— Assigned task —
Find "- cardboard box at [160, 369, 292, 446]" and "- cardboard box at [449, 502, 458, 505]" in the records below. Copy the lines holding them and every line between, exactly, and no others.
***
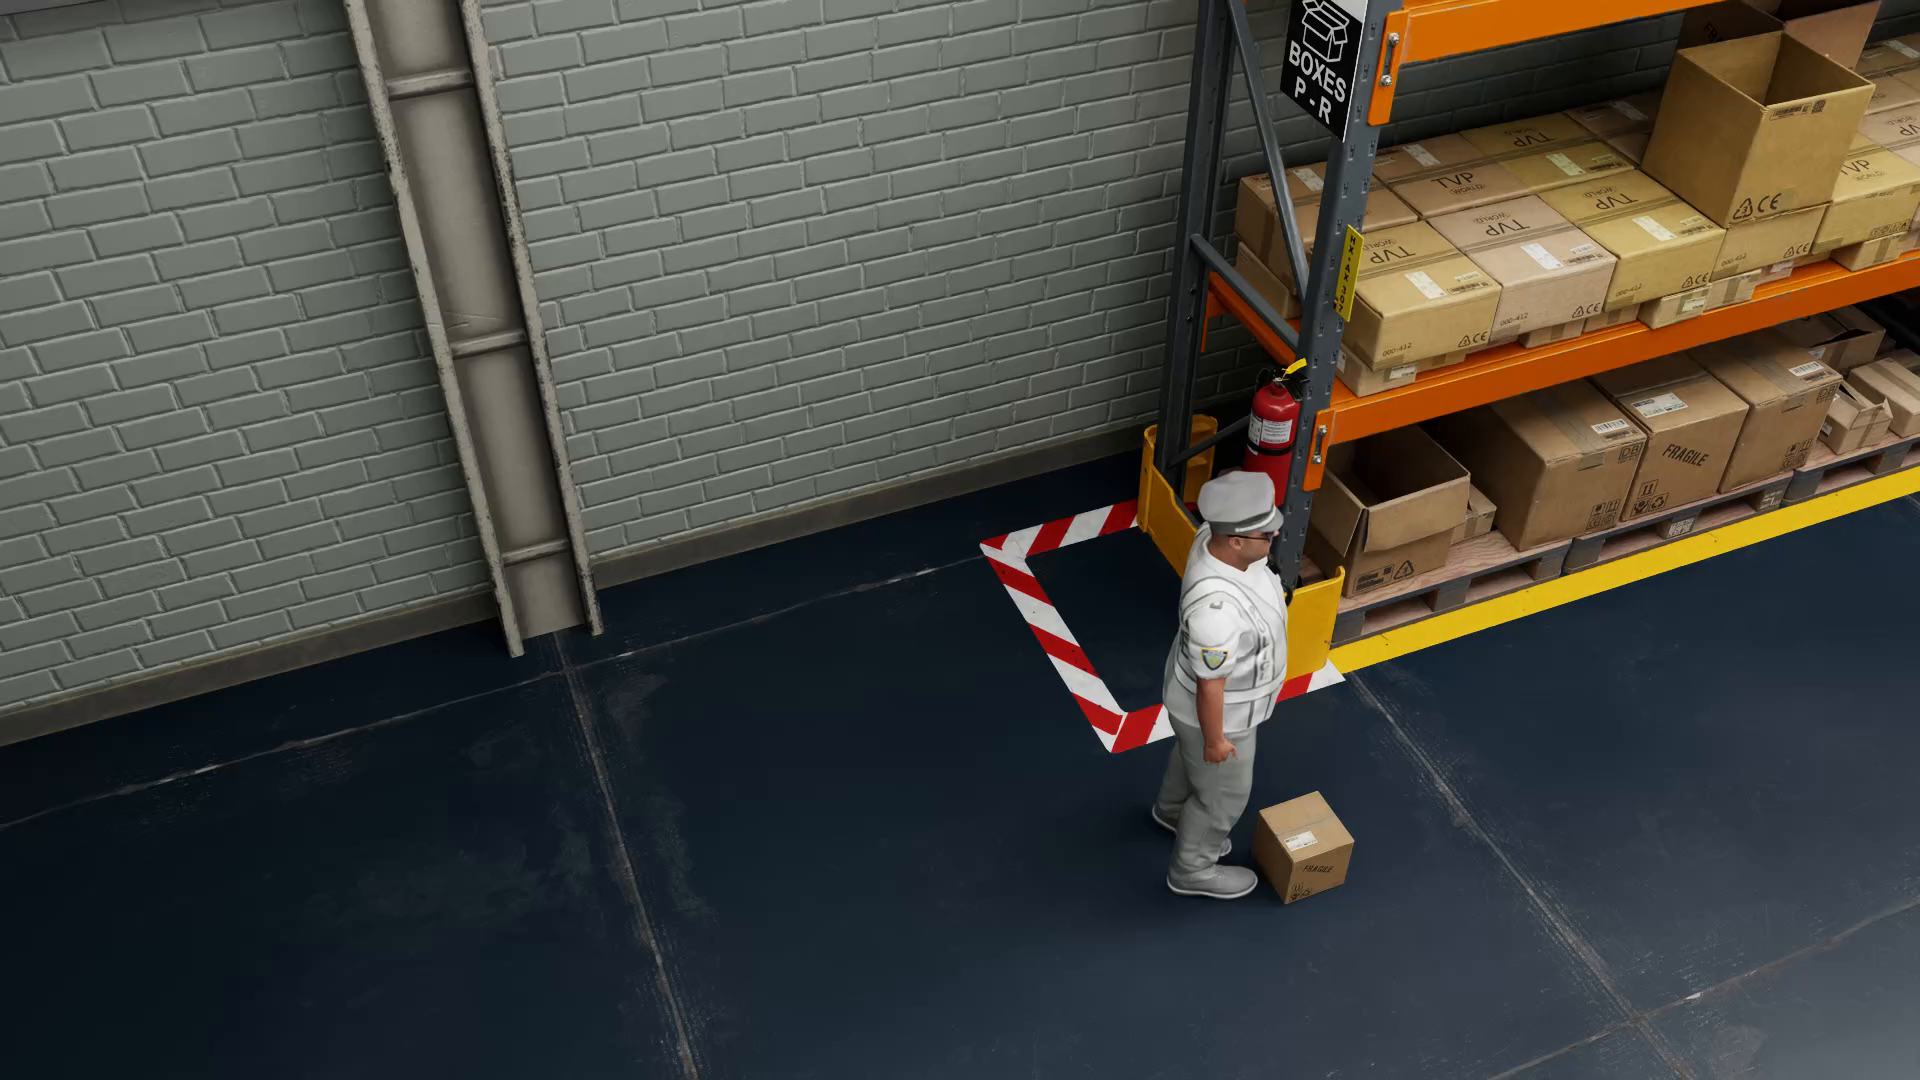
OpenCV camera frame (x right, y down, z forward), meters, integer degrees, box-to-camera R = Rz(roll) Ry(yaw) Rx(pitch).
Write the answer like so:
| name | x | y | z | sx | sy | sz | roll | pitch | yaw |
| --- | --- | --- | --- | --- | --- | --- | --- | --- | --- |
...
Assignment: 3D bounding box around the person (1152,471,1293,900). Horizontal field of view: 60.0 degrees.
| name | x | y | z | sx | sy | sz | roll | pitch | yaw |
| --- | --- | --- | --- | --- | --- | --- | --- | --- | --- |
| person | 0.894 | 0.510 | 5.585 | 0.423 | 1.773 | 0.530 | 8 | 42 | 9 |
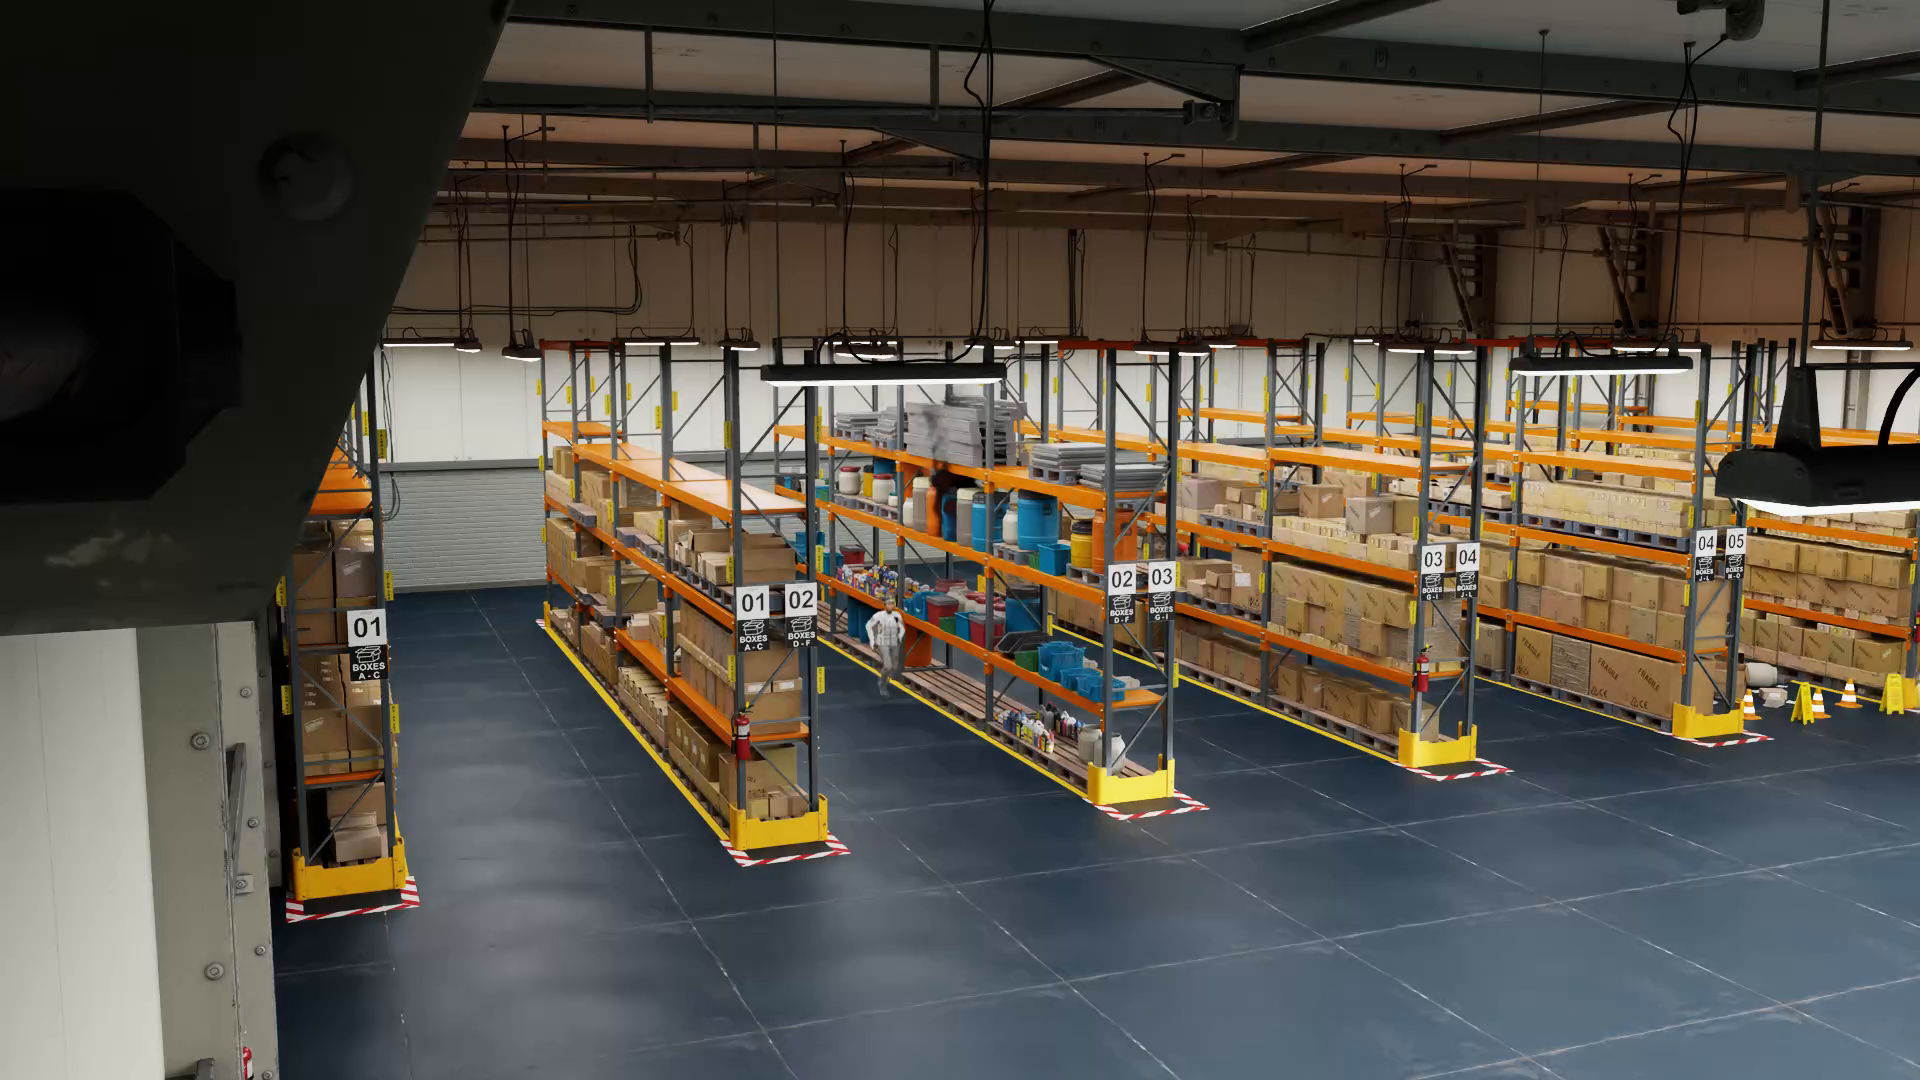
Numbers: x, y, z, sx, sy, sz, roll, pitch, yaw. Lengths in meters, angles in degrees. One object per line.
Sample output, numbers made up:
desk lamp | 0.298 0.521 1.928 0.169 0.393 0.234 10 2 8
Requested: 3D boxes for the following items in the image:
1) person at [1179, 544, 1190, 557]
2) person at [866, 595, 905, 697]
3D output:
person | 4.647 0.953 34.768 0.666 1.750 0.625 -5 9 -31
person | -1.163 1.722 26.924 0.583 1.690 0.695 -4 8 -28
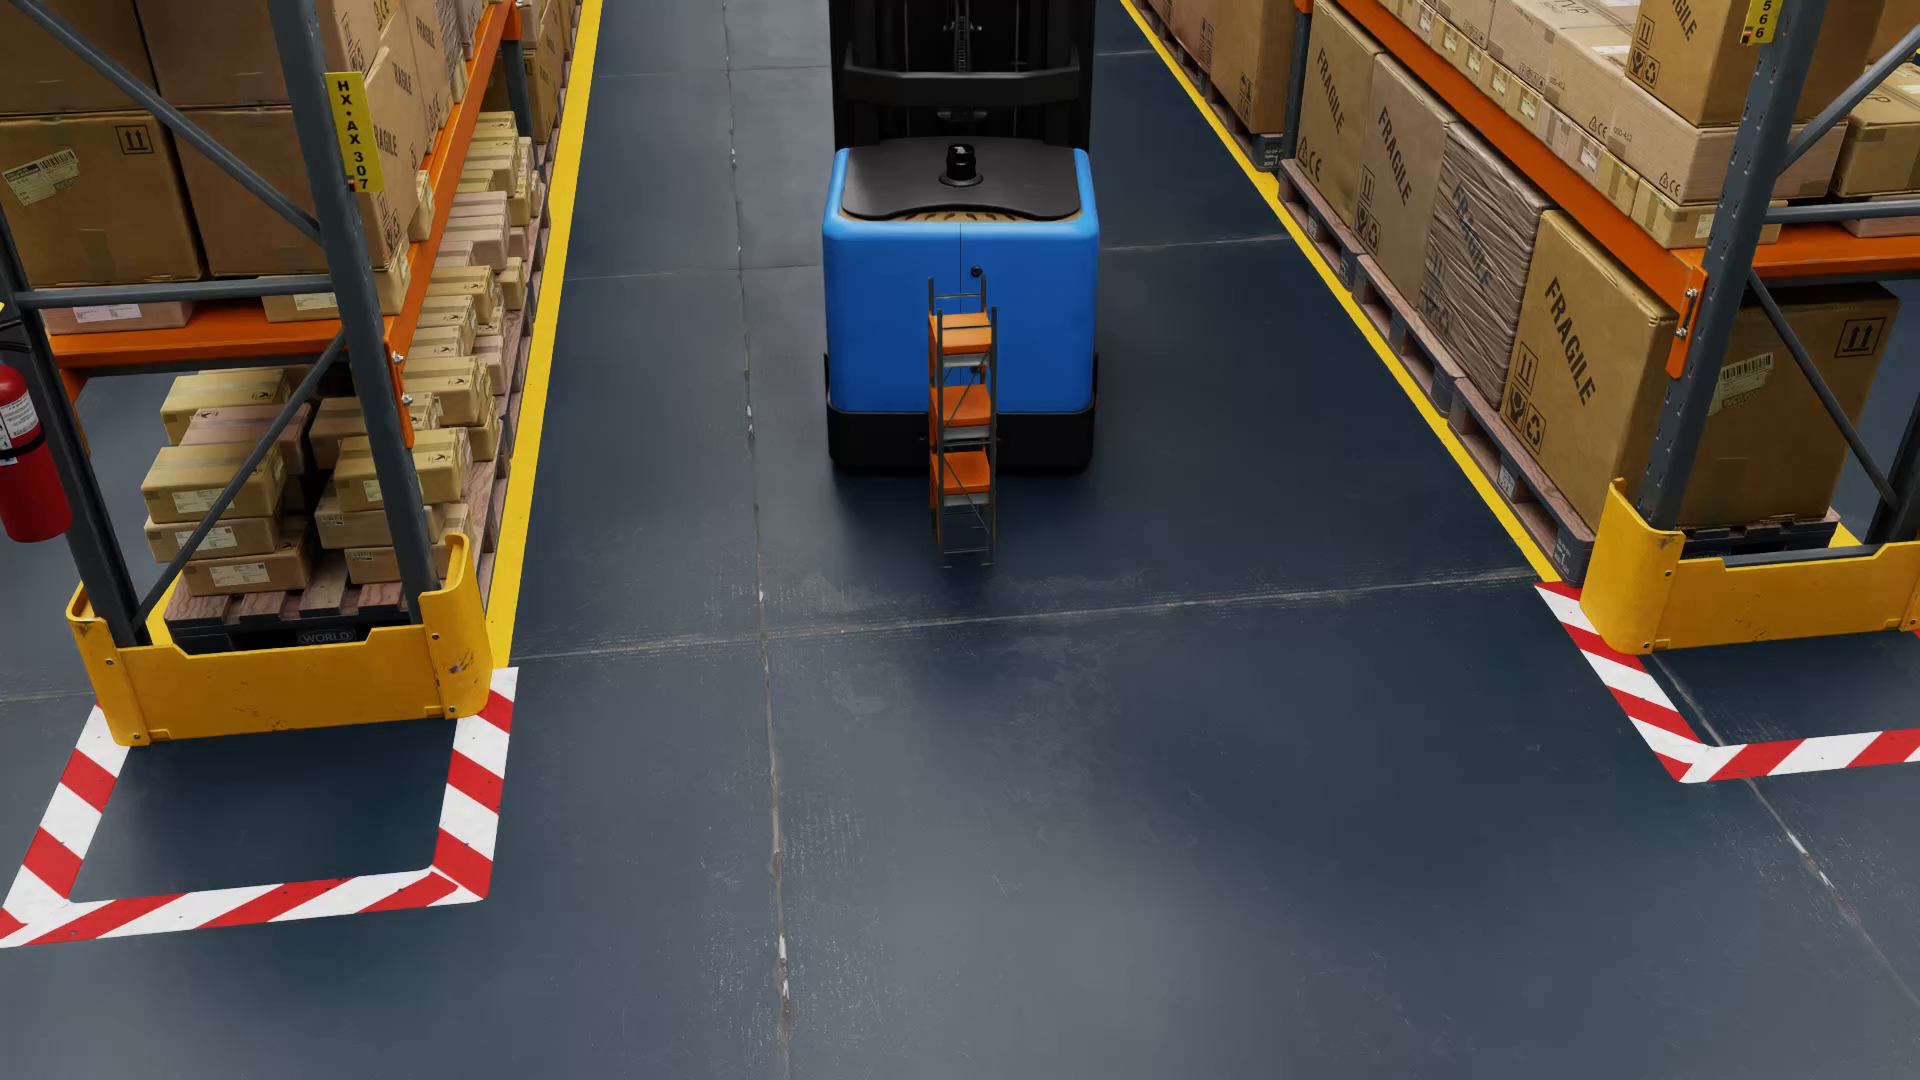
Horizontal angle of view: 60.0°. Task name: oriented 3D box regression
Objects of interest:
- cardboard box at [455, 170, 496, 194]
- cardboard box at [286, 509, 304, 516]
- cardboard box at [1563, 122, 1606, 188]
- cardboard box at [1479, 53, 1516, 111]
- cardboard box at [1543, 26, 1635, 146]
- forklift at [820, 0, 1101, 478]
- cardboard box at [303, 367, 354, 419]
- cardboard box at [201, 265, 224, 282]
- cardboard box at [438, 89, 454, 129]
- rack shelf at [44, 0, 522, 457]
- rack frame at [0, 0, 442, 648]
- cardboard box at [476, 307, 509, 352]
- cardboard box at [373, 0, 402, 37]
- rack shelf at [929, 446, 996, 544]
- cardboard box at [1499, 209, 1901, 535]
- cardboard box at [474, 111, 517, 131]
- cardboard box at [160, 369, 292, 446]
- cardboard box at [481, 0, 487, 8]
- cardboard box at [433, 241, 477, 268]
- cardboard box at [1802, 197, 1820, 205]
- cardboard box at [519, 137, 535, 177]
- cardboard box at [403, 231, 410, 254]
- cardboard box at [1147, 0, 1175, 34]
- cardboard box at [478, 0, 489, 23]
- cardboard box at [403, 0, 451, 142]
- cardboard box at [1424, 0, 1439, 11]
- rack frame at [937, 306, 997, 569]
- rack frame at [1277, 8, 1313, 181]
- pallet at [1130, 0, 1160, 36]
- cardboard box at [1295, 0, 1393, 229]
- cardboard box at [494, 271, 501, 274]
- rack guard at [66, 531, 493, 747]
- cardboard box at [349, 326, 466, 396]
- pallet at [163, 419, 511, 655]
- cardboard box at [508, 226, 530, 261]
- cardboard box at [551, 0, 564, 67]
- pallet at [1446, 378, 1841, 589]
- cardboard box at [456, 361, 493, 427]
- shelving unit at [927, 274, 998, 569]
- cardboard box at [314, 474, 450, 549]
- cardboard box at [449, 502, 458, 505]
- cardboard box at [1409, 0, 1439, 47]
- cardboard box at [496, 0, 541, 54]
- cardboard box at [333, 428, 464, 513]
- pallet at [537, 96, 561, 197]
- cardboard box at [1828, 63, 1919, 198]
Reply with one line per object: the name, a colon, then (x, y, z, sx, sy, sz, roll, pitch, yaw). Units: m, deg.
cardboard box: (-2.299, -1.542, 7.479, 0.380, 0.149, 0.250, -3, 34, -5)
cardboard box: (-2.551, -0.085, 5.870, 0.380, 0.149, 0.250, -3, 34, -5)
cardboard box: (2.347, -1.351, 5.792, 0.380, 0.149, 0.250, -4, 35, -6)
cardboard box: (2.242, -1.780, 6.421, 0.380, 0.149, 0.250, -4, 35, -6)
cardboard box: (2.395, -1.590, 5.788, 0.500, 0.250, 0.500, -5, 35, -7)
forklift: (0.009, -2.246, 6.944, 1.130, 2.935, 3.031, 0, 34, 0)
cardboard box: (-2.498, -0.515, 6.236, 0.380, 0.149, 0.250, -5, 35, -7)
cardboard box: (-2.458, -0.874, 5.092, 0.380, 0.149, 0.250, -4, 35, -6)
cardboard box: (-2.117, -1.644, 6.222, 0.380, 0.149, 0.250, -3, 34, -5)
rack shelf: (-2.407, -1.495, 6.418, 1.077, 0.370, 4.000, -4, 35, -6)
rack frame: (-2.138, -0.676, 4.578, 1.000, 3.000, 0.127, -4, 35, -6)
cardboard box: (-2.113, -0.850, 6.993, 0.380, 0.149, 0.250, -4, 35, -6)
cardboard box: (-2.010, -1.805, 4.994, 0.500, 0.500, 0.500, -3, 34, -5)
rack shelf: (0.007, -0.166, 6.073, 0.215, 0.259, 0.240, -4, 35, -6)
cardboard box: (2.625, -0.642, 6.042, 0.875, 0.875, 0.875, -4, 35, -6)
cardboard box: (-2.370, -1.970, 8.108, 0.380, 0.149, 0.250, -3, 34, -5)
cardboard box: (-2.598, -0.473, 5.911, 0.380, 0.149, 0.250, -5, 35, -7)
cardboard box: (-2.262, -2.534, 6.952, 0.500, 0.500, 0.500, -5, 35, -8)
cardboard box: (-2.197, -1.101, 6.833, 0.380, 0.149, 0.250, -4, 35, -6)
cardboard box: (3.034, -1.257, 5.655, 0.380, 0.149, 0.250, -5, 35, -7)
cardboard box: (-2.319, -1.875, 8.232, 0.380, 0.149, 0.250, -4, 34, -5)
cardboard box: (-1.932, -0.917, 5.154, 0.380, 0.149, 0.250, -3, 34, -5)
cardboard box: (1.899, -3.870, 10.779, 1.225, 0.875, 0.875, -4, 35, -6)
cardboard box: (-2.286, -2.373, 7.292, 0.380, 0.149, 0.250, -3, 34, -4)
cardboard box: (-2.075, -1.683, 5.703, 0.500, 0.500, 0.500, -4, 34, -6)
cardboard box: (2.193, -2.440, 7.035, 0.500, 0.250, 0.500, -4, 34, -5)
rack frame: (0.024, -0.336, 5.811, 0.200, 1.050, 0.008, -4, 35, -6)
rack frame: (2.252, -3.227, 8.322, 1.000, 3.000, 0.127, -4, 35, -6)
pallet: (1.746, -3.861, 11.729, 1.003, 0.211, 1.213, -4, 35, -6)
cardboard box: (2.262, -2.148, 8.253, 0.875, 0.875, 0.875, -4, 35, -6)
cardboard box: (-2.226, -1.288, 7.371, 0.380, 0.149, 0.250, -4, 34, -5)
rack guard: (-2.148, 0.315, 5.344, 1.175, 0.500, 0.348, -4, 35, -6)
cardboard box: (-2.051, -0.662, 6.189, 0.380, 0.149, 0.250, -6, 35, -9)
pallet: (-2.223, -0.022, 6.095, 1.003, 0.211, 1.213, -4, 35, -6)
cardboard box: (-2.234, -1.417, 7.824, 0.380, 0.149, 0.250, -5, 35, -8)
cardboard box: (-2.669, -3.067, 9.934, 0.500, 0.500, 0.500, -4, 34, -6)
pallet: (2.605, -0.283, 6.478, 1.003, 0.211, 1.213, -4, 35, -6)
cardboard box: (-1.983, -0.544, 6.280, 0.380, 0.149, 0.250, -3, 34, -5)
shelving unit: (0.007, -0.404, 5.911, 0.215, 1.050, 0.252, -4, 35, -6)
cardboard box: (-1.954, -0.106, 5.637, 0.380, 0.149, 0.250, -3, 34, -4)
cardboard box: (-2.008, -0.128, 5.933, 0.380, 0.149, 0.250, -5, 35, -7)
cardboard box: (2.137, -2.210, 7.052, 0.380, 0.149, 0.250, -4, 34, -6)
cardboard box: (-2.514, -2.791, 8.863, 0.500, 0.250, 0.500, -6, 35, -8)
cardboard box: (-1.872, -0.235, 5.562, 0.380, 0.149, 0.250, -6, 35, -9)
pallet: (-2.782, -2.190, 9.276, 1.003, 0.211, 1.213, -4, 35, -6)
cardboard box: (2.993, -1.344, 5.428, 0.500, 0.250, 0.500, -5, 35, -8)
***
— Answer to this task —
- cardboard box at [160, 369, 292, 446]
- cardboard box at [481, 0, 487, 8]
- cardboard box at [433, 241, 477, 268]
- cardboard box at [1802, 197, 1820, 205]
- cardboard box at [519, 137, 535, 177]
- cardboard box at [403, 231, 410, 254]
- cardboard box at [1147, 0, 1175, 34]
- cardboard box at [478, 0, 489, 23]
- cardboard box at [403, 0, 451, 142]
- cardboard box at [1424, 0, 1439, 11]
- rack frame at [937, 306, 997, 569]
- rack frame at [1277, 8, 1313, 181]
- pallet at [1130, 0, 1160, 36]
- cardboard box at [1295, 0, 1393, 229]
- cardboard box at [494, 271, 501, 274]
- rack guard at [66, 531, 493, 747]
- cardboard box at [349, 326, 466, 396]
- pallet at [163, 419, 511, 655]
- cardboard box at [508, 226, 530, 261]
- cardboard box at [551, 0, 564, 67]
- pallet at [1446, 378, 1841, 589]
- cardboard box at [456, 361, 493, 427]
- shelving unit at [927, 274, 998, 569]
- cardboard box at [314, 474, 450, 549]
- cardboard box at [449, 502, 458, 505]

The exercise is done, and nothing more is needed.